Sometimes I sing one song while listening to another.


----------



## Ramsie (Dec 1, 2008)

link008 said:


> Sometimes I sing one song while listening to another.


I do that too. It happens more when I have a song stuck in my head, but I'm listening to something else in an attempt to get it out of my head.

I think memorizing music and lyrics comes easily for me.  I can do that with most songs I've listened to more than five times.


----------



## Tarvos (Dec 1, 2008)

Yeah, I do it a lot. But people tell me to shut up because I can't actually sing worth a damn.


----------



## Dannichu (Dec 1, 2008)

I have to listen to a song a lot to learn the lyrics, but I listen to music all the time, so I get most of them eventually. 

A hobby of mine is just trying to learn a really fast song off by heart, like End of the World by REM or One Week by the Barenaked Ladies. My life's mission is to learn Yakko's Nations of the World X3

Recently I've been listening to a lot of Barenaked Ladies' music and some of it sounds really cheery but is actually very, very depressing if you listen to the lyrics.
As their song Testing, 1, 2, 3 says:

_"And in the glove compartment
Are my songs.
She hasn't even heard them
Since she found out what the words meant,
She decided she prefered them
All wrong."_

Hehe, they use that quote for the Lyrical Dissonance page on tvtropes. They also mention:

"The Night I Fell Asleep At The Wheel" is surprisingly bouncy, considering it's about exactly what the title implies, and the narrator is dead before the last verse. (here, it's _brilliant_)

"Pinch Me", described in the liner notes for All Their Greatest Hits as "Another one of our happy little songs about chronic depression." 

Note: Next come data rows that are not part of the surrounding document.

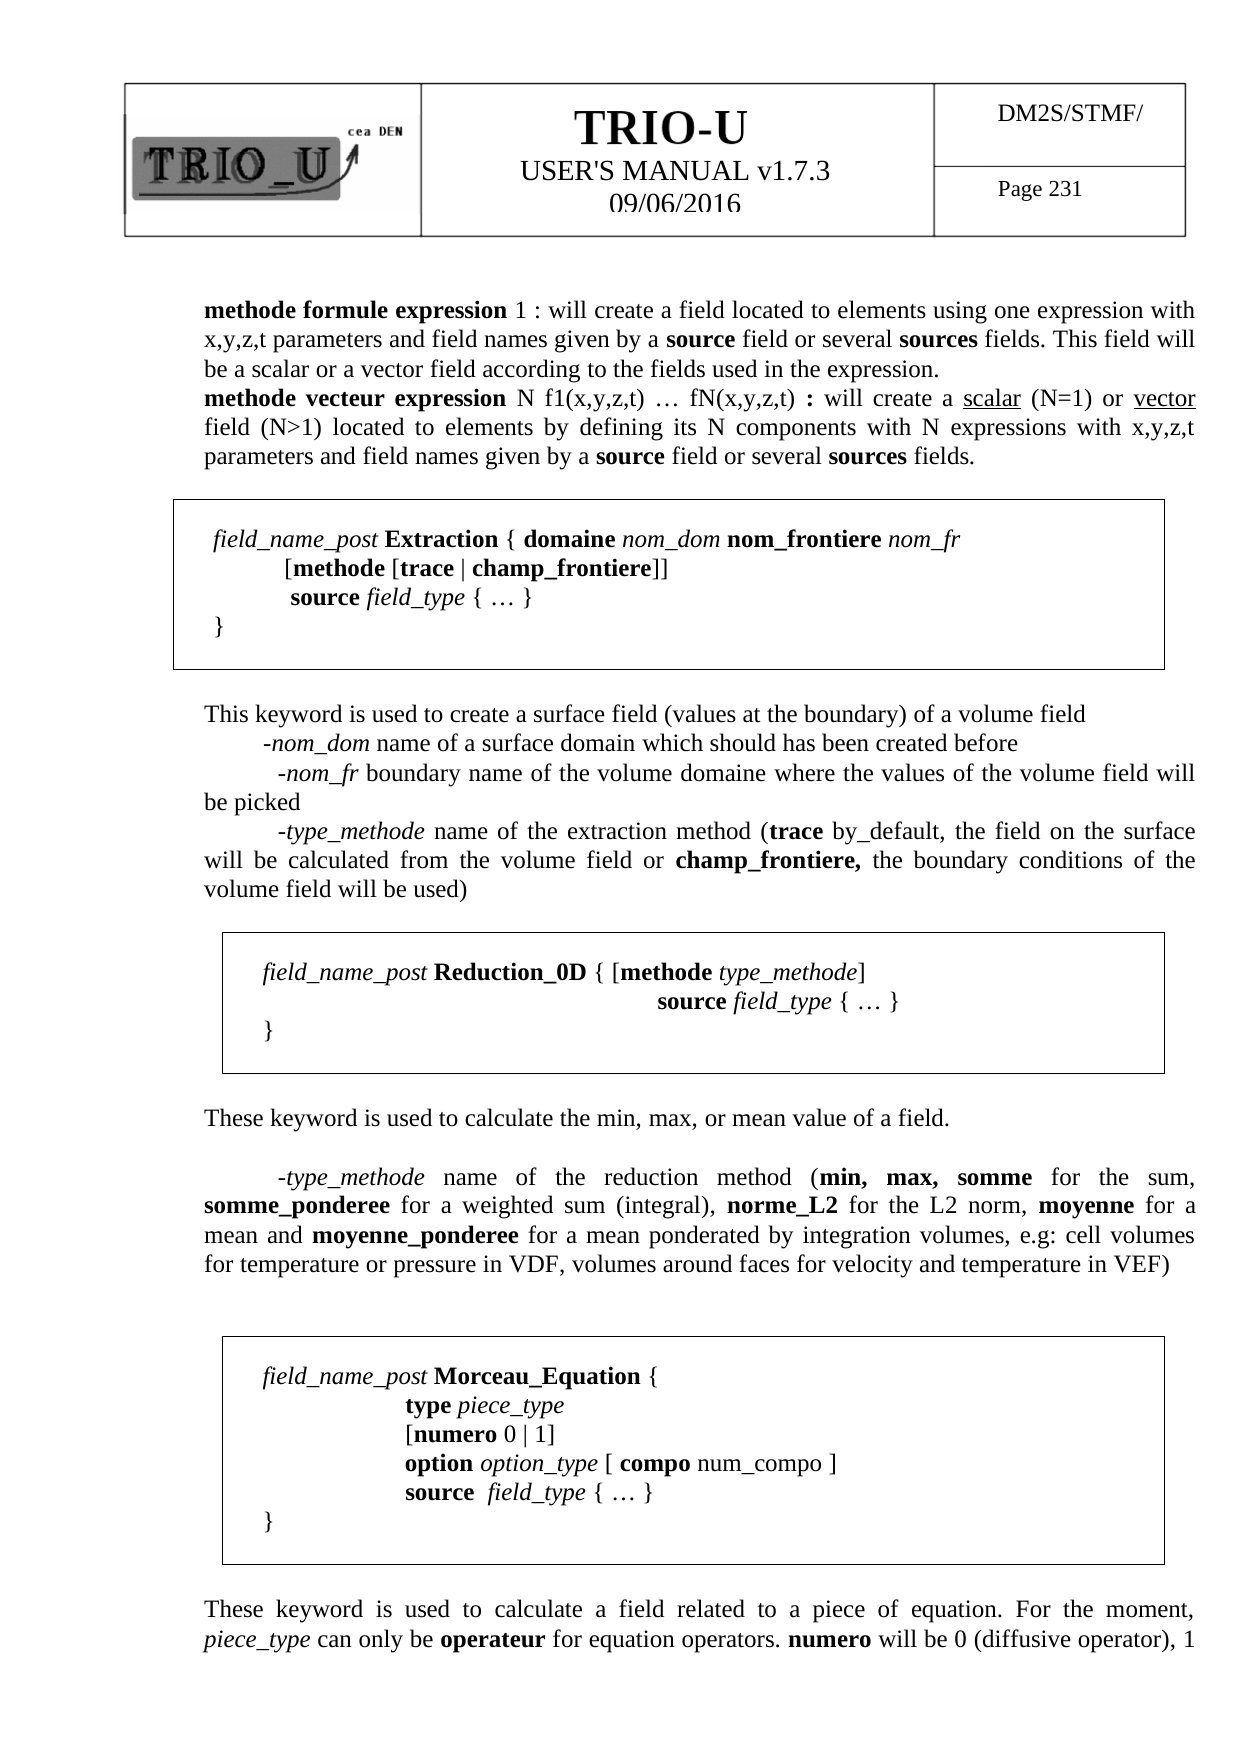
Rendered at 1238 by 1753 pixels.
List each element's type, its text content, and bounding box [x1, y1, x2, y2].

text -nom_dom name of a surface domain which should has been created before [204, 728, 1196, 757]
text -nom_fr boundary name of the volume domaine where the values of the volume field will be picked [204, 757, 1196, 816]
text -type_methode name of the extraction method (trace by_default, the field on the surface will be calculated from the volume field or champ_frontiere, the boundary conditions of the volume field will be used) [204, 816, 1196, 903]
text This keyword is used to create a surface field (values at the boundary) of a volume field [204, 699, 1196, 728]
text These keyword is used to calculate the min, max, or mean value of a field. [204, 1103, 1196, 1132]
table_header field_name_post Morceau_Equation { type piece_type [numero 0 | 1] option option_type [ compo num_compo ] source field_type { … } } [223, 1337, 1164, 1564]
table_header field_name_post Reduction_0D { [methode type_methode] source field_type { … } } [223, 933, 1164, 1073]
table_header field_name_post Extraction { domaine nom_dom nom_frontiere nom_fr [methode [trace | champ_frontiere]] source field_type { … } } [174, 500, 1164, 669]
text -type_methode name of the reduction method (min, max, somme for the sum, somme_ponderee for a weighted sum (integral), norme_L2 for the L2 norm, moyenne for a mean and moyenne_ponderee for a mean ponderated by integration volumes, e.g: cell volumes for temperature or pressure in VDF, volumes around faces for velocity and temperature in VEF) [204, 1161, 1196, 1278]
text methode vecteur expression N f1(x,y,z,t) … fN(x,y,z,t) : will create a scalar (N=1) or vector field (N>1) located to elements by defining its N components with N expressions with x,y,z,t parameters and field names given by a source field or several sources fields. [204, 382, 1196, 470]
text methode formule expression 1 : will create a field located to elements using one expression with x,y,z,t parameters and field names given by a source field or several sources fields. This field will be a scalar or a vector field according to the fields used in the expression. [204, 295, 1196, 382]
text These keyword is used to calculate a field related to a piece of equation. For the moment, piece_type can only be operateur for equation operators. numero will be 0 (diffusive operator), 1 [204, 1594, 1196, 1652]
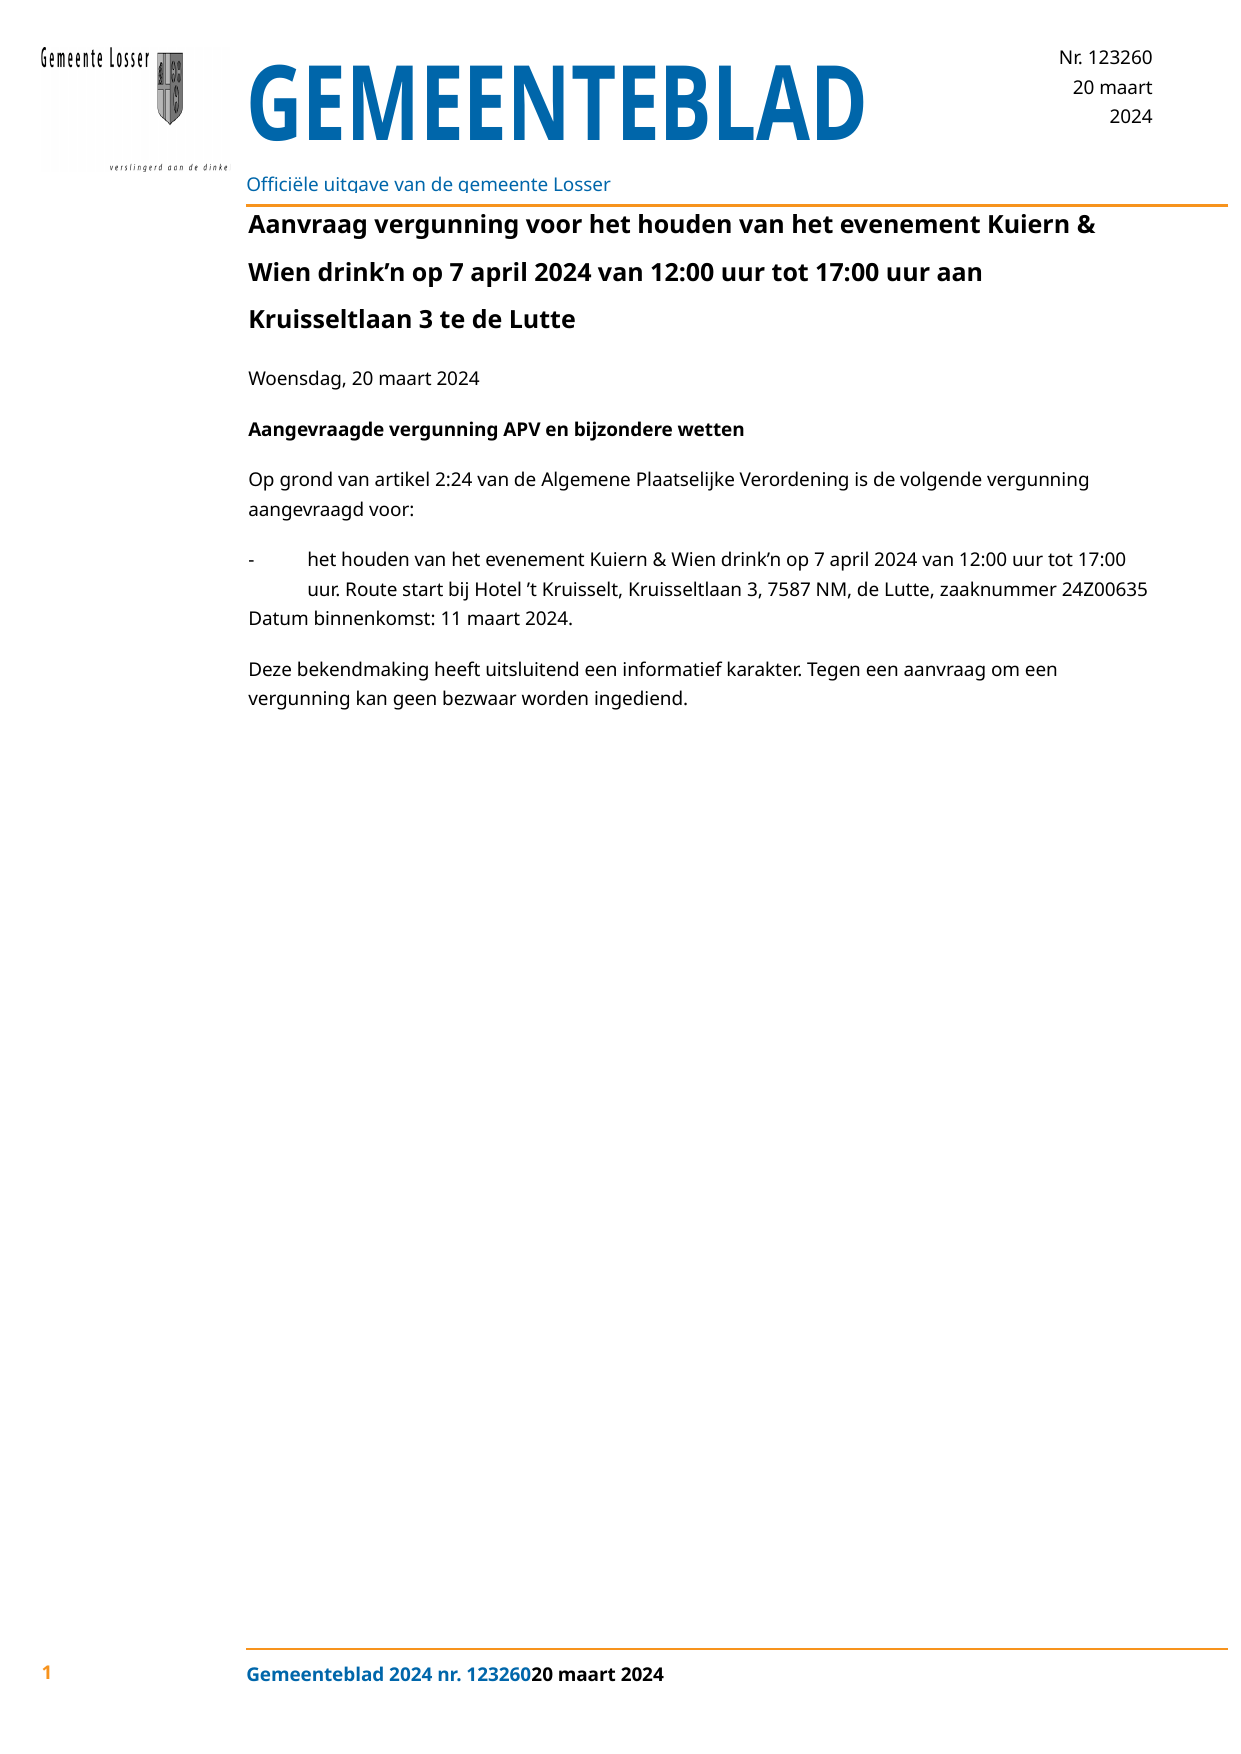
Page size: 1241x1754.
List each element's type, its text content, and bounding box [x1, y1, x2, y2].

text Aangevraagde vergunning APV en bijzondere wetten [248, 416, 1152, 442]
list het houden van het evenement Kuiern & Wien drink’n op 7 april 2024 van 12:00 uur tot 17:00 uur. Route start bij Hotel ’t Kruisselt, Kruisseltlaan 3, 7587 NM, de Lutte, zaaknummer 24Z00635 [248, 546, 1152, 602]
text Woensdag, 20 maart 2024 [248, 366, 1152, 391]
text Aanvraag vergunning voor het houden van het evenement Kuiern & Wien drink’n op 7 april 2024 van 12:00 uur tot 17:00 uur aan Kruisseltlaan 3 te de Lutte [248, 207, 1152, 336]
text Datum binnenkomst: 11 maart 2024. [248, 606, 1152, 631]
text Deze bekendmaking heeft uitsluitend een informatief karakter. Tegen een aanvraag om een vergunning kan geen bezwaar worden ingediend. [248, 656, 1152, 711]
picture [41, 47, 231, 172]
text Op grond van artikel 2:24 van de Algemene Plaatselijke Verordening is de volgende vergunning aangevraagd voor: [248, 466, 1152, 522]

"The Old Apartment" is a hard, high-energy rock song about a guy breaking into the apartment where he and his girlfriend used to live and trashing the place while speculating on its new owners. 

"Fun & Games" has lyrics cynically describing the politics behind the Iraq war ("We knew your sons and daughters would be blown in half") set to a poppy, catchy tune. 

"Alcohol", which is a poppy little ditty about, well, rampant alcoholism and with lyrics like "While I cannot love myself, I'll use something else". 

Good times.


----------



## Vladimir Putin's LJ (Dec 1, 2008)

Dannichu said:


> Recently I've been listening to a lot of Barenaked Ladies' music and some of it sounds really cheery but is actually very, very depressing if you listen to the lyrics.


This happens to me sometimes, but instead of depressing lyrics I've got a couple of songs that are kind of creepy when you listen better.
Like Serge Gainsbourg's Marilou Sous La Neige. It's a pretty simple, happy-sounding tune, but as you progress through the song he starts saying things like 'when I was excluded from her erotic games, I went mad', 'Oh, my Lou, I had to shorten your existance, it's like that/that Marilou falls asleep under the snow/the carbonic snow of the fire extinguisher' (all of this in French, naturally) and only after listening to it like five times did I realise that the narrator_ burns his girlfriend alive_.
Then again, this is Gainbourg, and he does a lot of this sort of thing. He sang a song called 'Lemon Incest' with his daughter, it's implied he's raping a woman in La Decadance and Sex Shop is, er, interesting (it starts with 'Say, little whore, tell me/how it felt in his arms/was it better than with me?' and he basically goes on to call her a bitch, a lecher...ess and variety of other nice names while asking her about how she cheated on him).
I can't help loving this guy though. He just wanted to be as provocative as possible and good on him.

Oh and there's a song by Benjamin Biolay where he basically stalks a lady. French singers are creepy ):

And to contribute, I can remember songs very easily, but only if I hear the beginning of the tune. I avoid singing though because I have a terrible voice.


----------